Desgevraagd heeft verweerder bij brief van 20 december 2006 nog een ontbrekend stuk overgelegd. Verweerder heeft daarbij aan de rechtbank gevraagd ook ten aanzien van dit stuk artikel 8:29, eerste lid, van de Awb toe te passen.
De rechtbank heeft bij beslissing van 30 januari 2007 bepaald dat de gevraagde beperking van de kennisgeving gerechtvaardigd is en dat de kennisneming van het betreffende stuk door eiser niet wordt toegestaan.
Eisers gemachtigde heeft middels een door hem ondertekende verklaring van 31 januari 2007 aan de rechtbank toestemming gegeven om de uitspraak mede te doen op basis van dit gedingstuk.
Het beroep is opnieuw behandeld ter zitting van 7 juni 2007, waar eiser wederom in persoon is verschenen, bijgestaan door mr. H. van Drunen. Verweerder heeft zich ter zitting doen vertegenwoordigen door mr. drs.
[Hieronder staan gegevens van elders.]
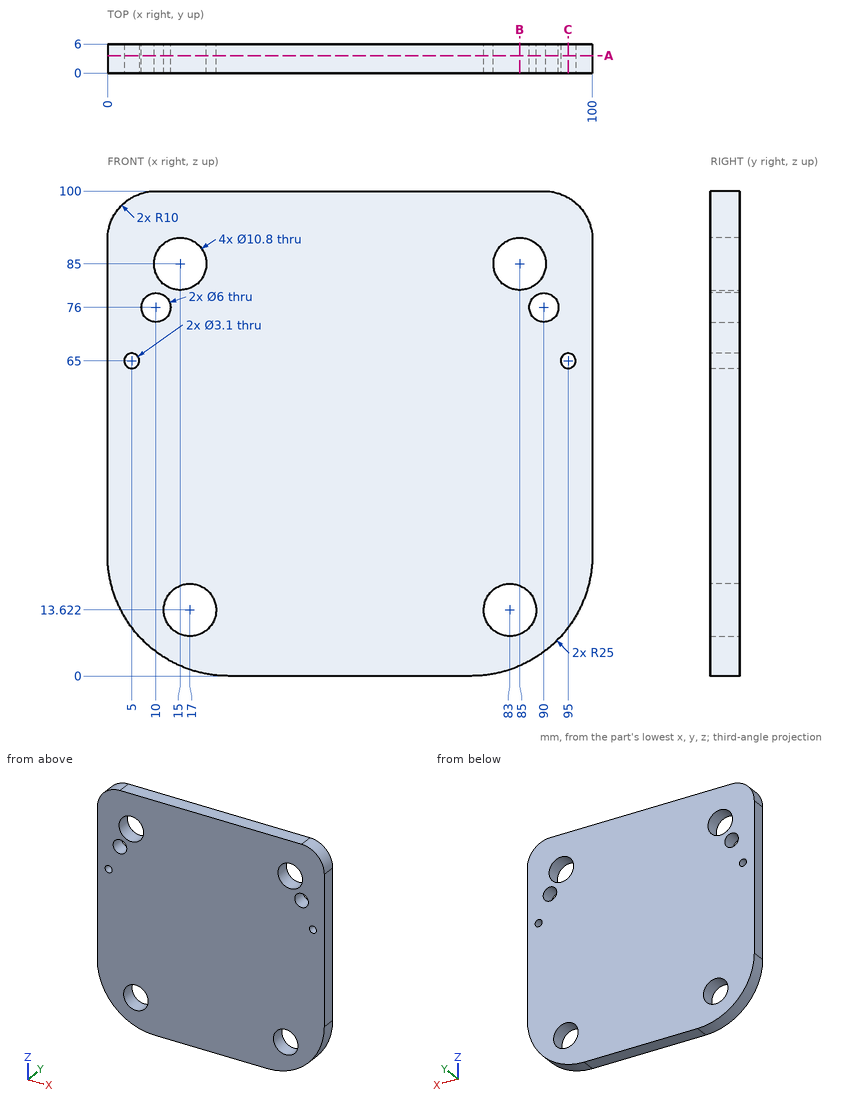
Verification items for this drawing (mm, ordinates from the low corner). Give positions to 0.01 mm unless a question says otherwise; leave off trailing zeros. Loops run counter-clockwise (first coordinate to the right, second up) from the corner with the lowest first, then second, coordinate; pieces in that order, holes last. Notation, with made-up numbers: M 38,-31 L 82,-31 A17 ccw 82,-4 Z; hole C -16,39.5 d11. An arc over 180 degrees is marked long. Write each question's results on one line, items separated by ' | '.
1) Thickness scan on line 1 (X direction, y = 2.15, z = 65); line 2 (Z direction, x = 12, y = 0.85) (1 decimal); line 3 (Z direction, x = 89, y = 4.7). Record the ranges inside material, lowest first.
Answers follow:
line 1: 0 to 3.45, 6.55 to 93.45, 96.55 to 100 | line 2: 3.6 to 11.6, 15.7 to 73.8, 78.2 to 80.5, 89.5 to 100 | line 3: 4.29 to 73.17, 78.83 to 81.37, 88.63 to 100
2) Section check C-C, the plane x = 95. Record the boundary of the cut face in (y, z).
Answers follow:
outline: M 0,10 L 6,10 L 6,63.45 L 0,63.45 Z; M 0,66.55 L 6,66.55 L 6,98.66 L 0,98.66 Z
3) Section check B-B, the plane x = 85. Record the boundary of the cut face in (y, z) (1 decimal).
Answers follow:
outline: M 0,2.1 L 6,2.1 L 6,8.6 L 0,8.6 Z; M 0,18.6 L 6,18.6 L 6,79.6 L 0,79.6 Z; M 0,90.4 L 6,90.4 L 6,100 L 0,100 Z
4) Section check A-A, the plane y = 3.6. Count the separate pieces of the cut face and the enclosed holes in it, plus the area to 3 significant figures.
Answers follow:
separate pieces: 1 | enclosed holes: 8 | area: 9,250 mm2
5) Gauge pin test, flat end, axial feed: pin 1 (1 mm diameter, centred on x = 20.5, y = 2.5, fed in from -Z). Record the tip position at first contact, or that the pin passes through.
Answers follow:
pin 1: z = 0.32
Input: part model. Units: mm. Frame: model coordinates. A direction names the side the tool comes from. Coordinates: 2 decimals unless noted, no trailing zeros. Order: outer loops, then holes, each group sorted by start corner. A loop starts at its lowest first (then second) coordinate and runs counter-clockwise, first axis right, second up. Notation, with made-up numbers: (50.25, -30.75) - (103.25, -30.75) arc R19 cw to (103.25, -11.75) - close; hole circle Ø5 at (12, -28). An arc over 180 degrees is marked (long way). Answer as CSV lines item,"result". Start each with the question number.
Item 1: Access query for faces 1 (the cylindrical face through (-5.961, -26.846, 39.049)), 2 (the cylindrical face through (-11.04, 21.87, 11.18)), 3 (the flat face through (-5, 17, 9.3)), 4 (the flat face through (7.922, -29.453, 15.19)). Directions: +Z, -Z, +X, -X, +Y, -Y. A direction counts if a zero-diameter tool reaches every point of the face in a straight line with its end or side. Return the directions, or none.
Item 2: First-contact query: pin 1 (19 mm diameter, centred on x = 0.5, y = 1.5, fed in from -Z); pin 2 (1 mm diameter, centred on y = -8, z = 24.5, fed in from -X); pin 3 (8 mm diameter, centred on y = -26.5, z = 29.5, fed in from +X). Flat tips, straight axial feed; report the tip coordinate or a pass-through.
Item 3: Material intervals for line 1 along Z through (x, y) = (7, -27.5); line 2 along Y through (x, z) = (0, 34.25); line 3 along Z through (x, y) = (26, 11), sorted ascending.
Item 4: Section D-D (z = 5.5). Output: boundary loops of the cut face in (x, y).
Item 5: Section C-C (z = 40.5). Output: boundary loops of the cut face in (x, y).
Item 6: Section B-B (y = -17.5). Output: boundary loops of the cut face in (x, z).
Item 7: Section A-A (z = 28). Output: boundary loops of the cut face in (x, y), and give its area (3 significant figures).
Item 8: Draft query along Z for faces 5 (the cylindrical face through (-21.625, -16.581, 32.065)), 6 (the flat face through (8.578, -31.902, 20.964)), 7 (the cylindrical face through (-2.05, 15.616, 2.218)). Return one class per face: +Z half, -Z half, draft (parallel to the pull), parting line (faces both ways), or undercut.
from build123d import *

# Parameters (mm, degrees)
SKETCH_1_R          = 15.75
EXTRUDE_1_DEPTH     = 4.5
SKETCH_2_R          = 16.3
EXTRUDE_2_DEPTH     = 6
SKETCH_3_R          = 19
EXTRUDE_3_DEPTH     = 0.5
SKETCH_4_R          = 24
EXTRUDE_4_DEPTH     = 0.6
SKETCH_5_R          = 28.5
EXTRUDE_5_DEPTH     = 10
SKETCH_6_R          = 0.8
EXTRUDE_6_DEPTH     = 1.2
SKETCH_7_R          = 29.25
EXTRUDE_7_DEPTH     = 8
SKETCH_8_R          = 27.25
EXTRUDE_8_DEPTH     = 5
SKETCH_9_R          = 28.5
EXTRUDE_9_DEPTH     = 7.9
SKETCH_10_R         = 14.75
CUT_EXTRUDE_1_DEPTH = 1
SKETCH_11_R         = 27.5
CUT_EXTRUDE_2_DEPTH = 7
SKETCH_12_R         = 15
CUT_EXTRUDE_3_DEPTH = 4
EXTRUDE_10_DEPTH    = 0.85
EXTRUDE_START       = 6.75
EXTRUDE_11_DEPTH    = 6.75
EXTRUDE_12_DEPTH    = 8.6
EXTRUDE_16_DEPTH    = 4.2


with BuildPart() as part:
    # 草图1 → 凸台-拉伸1 (new body)
    with BuildSketch(Plane.XY):
        Circle(SKETCH_1_R)
    extrude(amount=EXTRUDE_1_DEPTH)

    # 草图2 → 凸台-拉伸2 (add)
    with BuildSketch(Plane.XY.offset(4.5)):
        Circle(SKETCH_2_R)
    extrude(amount=EXTRUDE_2_DEPTH)

    # 草图3 → 凸台-拉伸3 (add)
    with BuildSketch(Plane.XY.offset(10.5)):
        Circle(SKETCH_3_R)
    extrude(amount=EXTRUDE_3_DEPTH)

    # 草图4 → 凸台-拉伸4 (add)
    with BuildSketch(Plane.XY.offset(11)):
        Circle(SKETCH_4_R)
    extrude(amount=EXTRUDE_4_DEPTH)

    # 草图5 → 凸台-拉伸5 (add)
    with BuildSketch(Plane.XY.offset(11.6)):
        Circle(SKETCH_5_R)
    extrude(amount=EXTRUDE_5_DEPTH)

    # 草图6 → 凸台-拉伸6 (add)
    with BuildSketch(Plane(origin=(0, 0, 10.5), x_dir=(-1, 0, 0), z_dir=(0, 0, -1))):
        with Locations(Location((4.658742812, 17.386664873, 0), (0, 0, 180))):
            Circle(SKETCH_6_R)
    extrude(amount=EXTRUDE_6_DEPTH)

    # 草图7 → 凸台-拉伸7 (add)
    with BuildSketch(Plane.XY.offset(21.6)):
        Circle(SKETCH_7_R)
    extrude(amount=EXTRUDE_7_DEPTH)

    # 草图8 → 凸台-拉伸8 (add)
    with BuildSketch(Plane.XY.offset(29.6)):
        Circle(SKETCH_8_R)
    extrude(amount=EXTRUDE_8_DEPTH)

    # 草图9 → 凸台-拉伸9 (add)
    with BuildSketch(Plane.XY.offset(34.6)):
        Circle(SKETCH_9_R)
    extrude(amount=EXTRUDE_9_DEPTH)

    # 草图10 → 切除-拉伸1 (cut)
    with BuildSketch(Plane(origin=(0, 0, 0), x_dir=(-1, 0, 0), z_dir=(0, 0, -1))):
        Circle(SKETCH_10_R)
    extrude(amount=-CUT_EXTRUDE_1_DEPTH, mode=Mode.SUBTRACT)

    # 草图11 → 切除-拉伸2 (cut)
    with BuildSketch(Plane.XY.offset(42.5)):
        Circle(SKETCH_11_R)
    extrude(amount=-CUT_EXTRUDE_2_DEPTH, mode=Mode.SUBTRACT)

    # 草图12 → 切除-拉伸3 (cut)
    with BuildSketch(Plane.XY.offset(35.5)):
        Circle(SKETCH_12_R)
    extrude(amount=-CUT_EXTRUDE_3_DEPTH, mode=Mode.SUBTRACT)

    # 草图13 → 凸台-拉伸10 (add)
    with BuildSketch(Plane(origin=(0, 0, 11.6), x_dir=(-1, 0, 0), z_dir=(0, 0, -1))):
        with BuildLine():
            Line((6.34130657, 29.833501822), (5.093836425, 23.964616218))
            ThreePointArc((5.093836425, 23.964616218), (11.122767244, 21.829659843), (16.393699856, 18.207048224))
            Line((16.393699856, 18.207048224), (20.408483494, 22.665917177))
            ThreePointArc((20.408483494, 22.665917177), (13.846710242, 27.175698988), (6.34130657, 29.833501822))
        make_face()
    extrude(amount=EXTRUDE_10_DEPTH)

    # 草图14 → 凸台-拉伸11 (add)
    with BuildSketch(Plane.XY.offset(11.6).offset(EXTRUDE_START)):
        with BuildLine():
            Line((-20.408483494, 22.665917177), (-19.739352888, 21.922772352))
            ThreePointArc((-19.739352888, 21.922772352), (-13.392719742, 26.284692464), (-6.133394879, 28.855354222))
            Line((-6.133394879, 28.855354222), (-6.34130657, 29.833501822))
            ThreePointArc((-6.34130657, 29.833501822), (-13.846710242, 27.175698988), (-20.408483494, 22.665917177))
        make_face()
    extrude(amount=-EXTRUDE_11_DEPTH)

    # 草图15 → 凸台-拉伸12 (add)
    with BuildSketch(Plane(origin=(0, 0, 11), x_dir=(-1, 0, 0), z_dir=(0, 0, -1))):
        with BuildLine():
            Line((-8.216276628, -22.549784885), (-9.922425111, -28.917217707))
            Line((-9.922425111, -28.917217707), (-5.86553664, -30.004257697))
            Line((-5.86553664, -30.004257697), (-4.159388158, -23.636824875))
            ThreePointArc((-4.159388158, -23.636824875), (-6.211657082, -23.182219831), (-8.216276628, -22.549784885))
        make_face()
    extrude(amount=-EXTRUDE_12_DEPTH)

    # 草图16 → 凸台-拉伸16 (add)
    with BuildSketch(Plane(origin=(2.028444235, 0.543519995, 0), x_dir=(0, 0, -1), z_dir=(0.9659258262890674, 0.25881904510252446, 0))):
        Polygon((-34.1, -25.25), (-34.1, -35.5), (-22.386751346, -35.5), (-19.5, -30.5), (-19.5, -29.75), (-30.1, -29.75), (-30.1, -25.25), align=None)
    extrude(amount=-EXTRUDE_16_DEPTH)


solid = part.part
Determined:
1,face 1,"+Z"
1,face 2,"-Z"
1,face 3,"-Z, +X, -X, +Y"
1,face 4,"-Z, +X, -Y"
2,pin 1,"stops at z = 1"
2,pin 2,"stops at x = -28.27"
2,pin 3,"stops at x = 18.69"
3,line 1,"z = 11 to 29.6, 30.1 to 34.1, 34.6 to 42.5"
3,line 2,"y = -27.25 to -15, 15 to 27.25"
3,line 3,"z = 11.6 to 29.6, 34.6 to 42.5"
4,outline,"circle Ø32.6 at (0, 0)"
5,outline,"circle Ø57 at (0, 0); hole circle Ø55 at (0, 0)"
6,outline,"(-23.44, 21.6) - (-22.49, 21.6) - (-22.49, 11.6) - (-16.42, 11.6) - (-16.42, 11) - (-7.4, 11) - (-7.4, 10.5) - (7.4, 10.5) - (7.4, 11) - (16.42, 11) - (16.42, 11.6) - (22.49, 11.6) - (22.49, 21.6) - (23.44, 21.6) - (23.44, 29.6) - (20.89, 29.6) - (20.89, 34.6) - (22.49, 34.6) - (22.49, 42.5) - (21.21, 42.5) - (21.21, 35.5) - (-21.21, 35.5) - (-21.21, 42.5) - (-22.49, 42.5) - (-22.49, 34.6) - (-20.89, 34.6) - (-20.89, 29.6) - (-23.44, 29.6) - close"
7,outline,"circle Ø58.5 at (0, 0); (5.67, -29.28) - (7.16, -34.83) - (11.22, -33.75) - (9.73, -28.19) - close"
7,area,"2,710 mm^2"
8,face 5,"undercut"
8,face 6,"-Z half"
8,face 7,"draft"

D.C.J. van Driel.
3. Overwegingen
In geschil is de vraag of het besluit van verweerder van 29 november 2005, voor zover daarbij eisers bezwaarschrift ongegrond is verklaard, in rechte in stand kan blijven.
Dienaangaande wordt het volgende overwogen.
In de eerste plaats wijst de rechtbank erop dat zij mede op grond van de stukken waarvan is bepaald dat kennisneming ervan door eiser niet is toegestaan uitspraak zal doen, nu eiser de toestemming als bedoeld in artikel 8:29, vijfde lid, van de Awb heeft gegeven,
Ingevolge artikel 3, eerste lid, van de Wob kan een ieder een verzoek om informatie, neergelegd in documenten over een bestuurlijke aangelegenheid richten tot een overheidsorgaan of een onder de verantwoordelijkheid van een overheidsorgaan werkzame instelling, dient of bedrijf.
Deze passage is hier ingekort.